In all three examples, the older vanguard saw no need for change because existing belief sets were self-sufficient, incontrovertible, infallible. The irony is that, while the WO debate is yet to play itself out, we know that in the two earlier incidents the old guard positions appeared to prevail in their immediate contexts, but would ultimately be set aside. So now, either through neglect or conscious choices, Adventists have largely abandoned the old idea that righteousness is attainable through obedience to the law, in favor of Jones and Waggoner’s formulation that it is only possible by faith in Jesus. Similarly, over the almost forty years since Glacier View, the church has quietly, unofficially, adopted many of Dr. Ford's views. Our Investigative Judgement doctrine is still on the books but there seems to be a conspiratorial agreement by most in not teaching it. And it is not accidental that both Glacier View and resistance to WO were fostered by leaders who subscribe to some form of single option solution toward dissent.

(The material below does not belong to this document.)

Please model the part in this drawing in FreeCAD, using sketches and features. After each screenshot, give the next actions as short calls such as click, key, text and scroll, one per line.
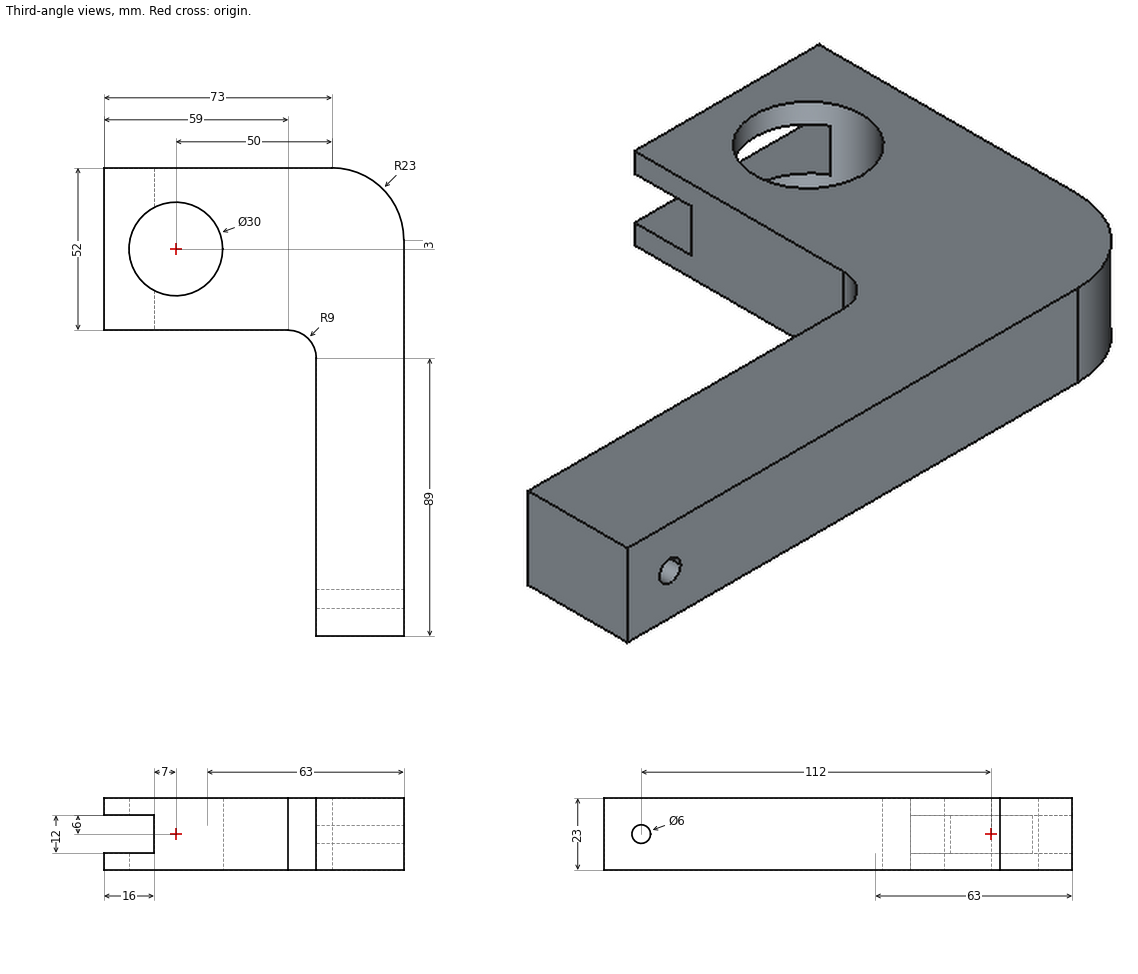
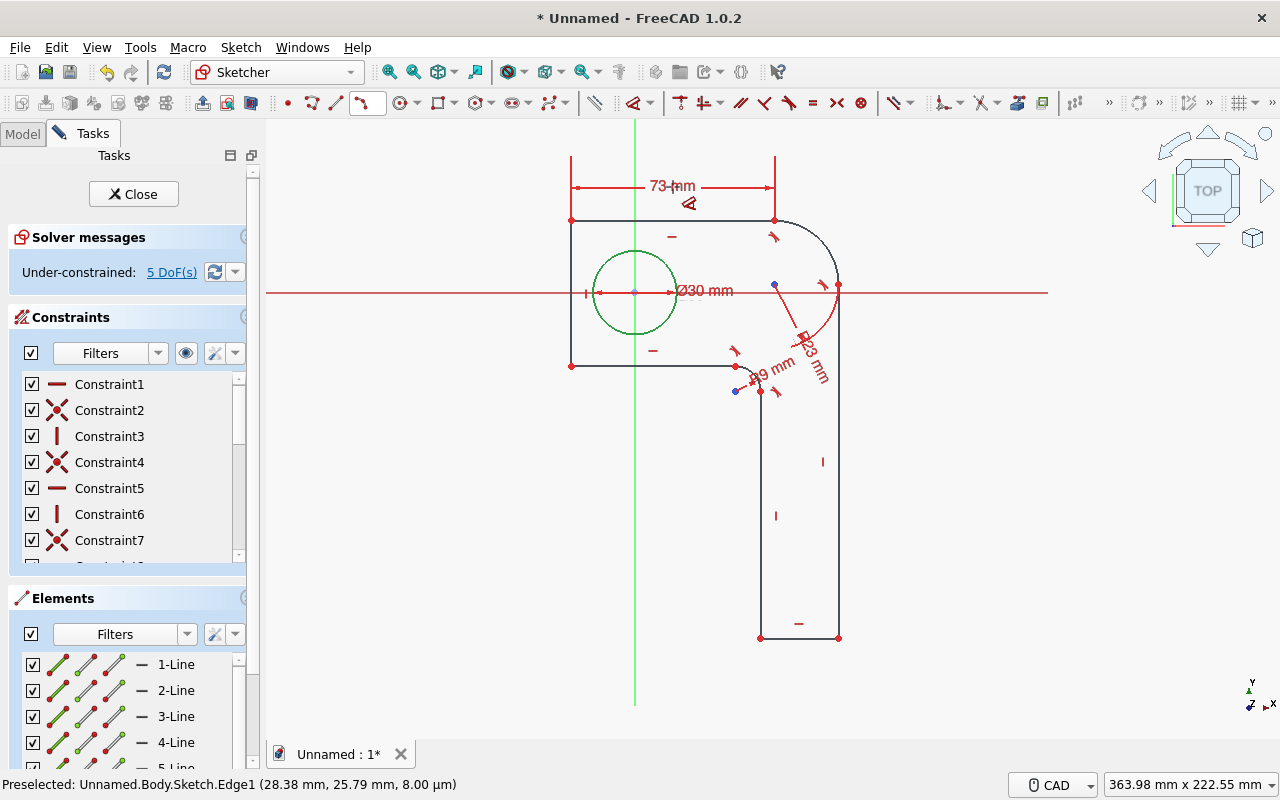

Belief in biblical inerrancy/infallibility almost always leads to a rigid mindset and application. If the Bible cannot contain error, then there must be only one correct way of understanding its teaching. If that is so then that correct way must be deduced, catalogued, and enforced. So we go from a seemingly benign process of cobbling beliefs together that, given adequate time and proper nourishment, led to Des Ford and Glacier View. Glacier View and its sad history happened because Adventist men of goodwill felt or were trapped by the notion that there is only one acceptable way of understanding scripture. Dr. Ford’s Apotelesmatic Principle (AP), which allowed for repeated application and different interpretation of prophecy, could not be considered because the idea evokes too much latitude, too much uncertainty. The AP veered from orthodoxy and the safety of certainty into uncharted murky waters, making church leadership uncomfortable. The church had a settled view of scripture and deviation from that understanding could not be condoned. But why? Because only the established method and resultant interpretation is valid. This is a viewpoint that grows out of the biblical infallibility construct.

Whether as constitutional originalists, or biblical inerrantists who believe that biblical ethics are transferable to future generations in its entirety, fundamentalists generally attempt to freeze time to a perceived golden era where things were perfect – and are not above co-opting the ghosts of the founding fathers or God himself, to their cause. So they find absolute terms like "infallibility" and "inerrancy" irresistible. Still, one wonders if the real reason might not hinge on the perception that absolutes provide cover and example for human behavior. In other words, since the Bible is infallible, when leaders derive doctrines from its pages, those doctrines by extension become infallible. But since we worship God, not his affirmations, shouldn’t God have primacy in all we do and say? That his word contains errors shouldn’t come as a surprise since fallible humans were intermediary co-creators of this word.

 

Matthew Quartey is a transplanted Ghanaian who now lives in and calls the Adventist ghetto of Berrien Springs, Michigan, home.